CMV: cytomegalovirus; low antibody: levels within the first quartile or <41 AU/ml; middle: 2 and 3 quartiles or antibody levels between 41 and 81 AU/ml; high: top quartile or antibody levels > 81 AU/ml; AIDS: acquired immunodeficiency syndrome.

The distributions of mortality, causes of admission and covariates were compared across levels (low, middle and high) of CMV IgG antibody by using the Chi-squared/ Kruskal–Wallis tests for general association and according to the type of variable.

^aThe comorbidities were standardised according to the Charlson criteria [26].

^bMedian (interquartile range).

A total of 112 patients (16.7%) died in-hospital or within 30 days after discharge: 18 (11.5%) patients with low anti-CMV IgG levels, 59 (16.7%) patients with middle levels, and 35(21.9%) patients with high levels. Table 2 presents odds ratios and 95% confidence intervals from regression models of all-cause mortality. Except for immunosuppressive drugs, all the other covariates were associated with mortality in the bivariate analysis. In model 1, CMV IgG antibody levels (high compared with low levels) were associated with an increased death (odds ratio = 2.16, 95% confidence interval: 1.16–4.01). When we adjusted for age and gender, the top quartile of CMV IgG antibody levels was associated with a 27% (95% confidence interval: 19–33) increased odds of all-cause mortality (model 2). In our final model, only heart failure was added, since it was the only covariate that was associated with both CMV serology and short-term mortality. Model 3 (heart failure added) showed an odds ratio for CMV slightly lower than the previous (HR = 2.20, 95% confidence interval: 1.15–4.21).
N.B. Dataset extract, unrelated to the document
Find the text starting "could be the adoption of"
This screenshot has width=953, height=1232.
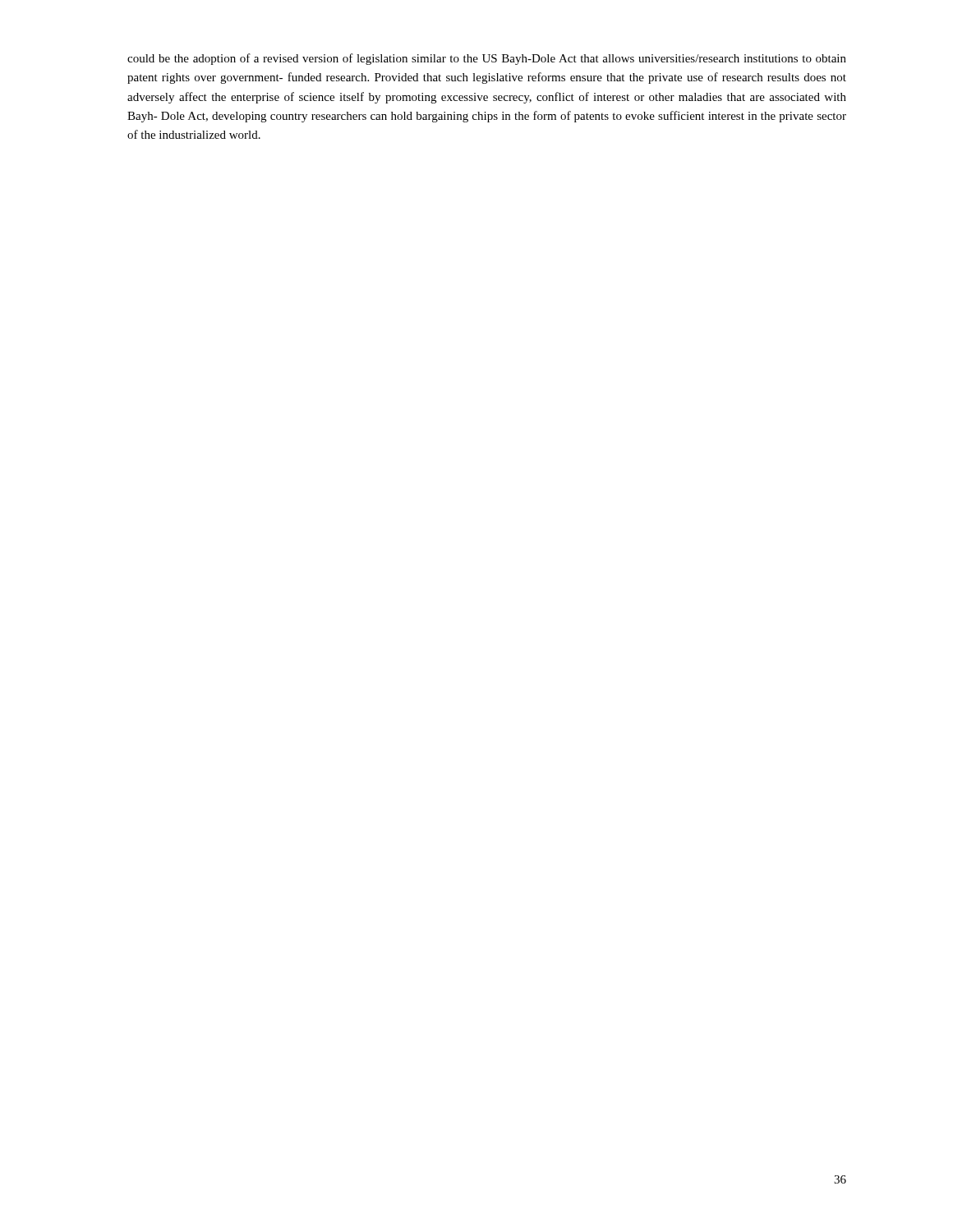tap(487, 97)

Table 2. Odds Ratios for all-cause of short-term mortality in CMV seropositive (n = 671 patients) hospitalised elderly patients.

	Adjusted OR	p value
Model 1^a
High vs. lowest antibody levels	2.16 (1.16-4.01)	.014
Middle vs. lowest antibody levels	1.54 (0.87-2.71)	.13
High/middle vs. lowest antibody levels	1.72 (1.00-2.96)	.047
Model 2^b
High vs. lowest antibody levels	2.27 (1.19-4.33)	.012
Middle vs. lowest antibody levels	1.59 (0.89-2.83)	.011
High/middle vs. lowest antibody levels	1.81 (1.05-3.15)	.033
Model 3^c
High vs. lowest antibody levels	2.20 (1.15-4.21)	.016
Middle vs. lowest antibody levels	1.49 (0.83-2.66)	.017
High/middle vs. lowest antibody levels	1.73 (1.00-3.02)	.050

Short-term mortality, in-hospital mortality or within 30 days after discharge. OR: odds ratio (95% confidence interval); CMV: Cytomegalovirus.

^aModel 1: bivariate relation with mortality.

^bModel 2: include age (>81 years) and gender.

^cModel 3: covariates associated with anti-CMV IgG levels and mortality included: heart failure.

After a median time of follow-up of 76 months (range: 56–92), 480 (71.5%) deaths occurred, consisting of 98 (62.4%) patients with low anti-CMV IgG levels, 261(73.7%) patients with middle levels, and 121(75.6%) patients with high levels. Table 3 presents hazard ratios and 95% confidence intervals from Cox proportional hazards models of all-cause mortality. In bivariate models, all variables were significantly associated with all-cause mortality. In model 1, CMV IgG antibody levels (high compared with low levels) were associated with an increased hazard of death (hazard ratio = 1.46, 95% confidence interval: 1.11–1.90). When we adjusted for age and gender, the top quartile of CMV IgG antibody levels was associated with a 51% (95% confidence interval: 14–20) increased hazard of all-cause mortality (model 2). Our final model excluded hypertension, hypercholesteronemia, immunosupresive drugs, C-reactive protein, white-cell count, and lymphocytes count because they were unassociated with CMV in our population. Smoking status was also excluded due to heavy dependency on sex. In fact, only 4.3% of women were smokers compared to 72.7% of men. In the absence of association between the comorbidity index (Charlson score) and CMV serology, comorbidities that were associated with CMV IgG levels were included in the model (stroke and heart failure; this latter is tangentially associated). Model 3 added the stroke, heart failure and serum albumin levels; the hazard ratio for CMV decreases slightly (hazard ratio = 1.40, 95% confidence interval: 1.05–1.86). No interaction terms were found between the anti-CMV-IgG levels and short and long-term mortality with respect to the covariates included in the study.

Table 3. Hazard ratios for all-cause mortality at 7,6 years follow-up in 671 CMV seropositive hospitalised elderly patients.

	Adjusted HR	p value
Model 1^a
High vs. lowest antibody levels	1.46 (1.11–1.90)	.005
Middle vs. lowest antibody levels	1.33 (1.06–1.68)	.014
High/middle vs. lowest antibody levels	1.37 (1.10–1.71)	.005
Model 2^b
High vs. lowest antibody levels	1.51 (1.14–2.00)	.003
Middle vs. lowest antibody levels	1.46 (1.15–1.81)	.002
High/middle vs. lowest antibody levels	1.49 (1.18–1.86)	.001
Model 3^c
High vs. lowest antibody levels	1.40 (1.05–1.86)	.019
Middle vs. lowest antibody levels	1.42 (1.11–1.81)	.004
High/middle vs. lowest antibody levels	1.41 (1.12–1.77)	.003

^aModel 1: bivariate relation with mortality.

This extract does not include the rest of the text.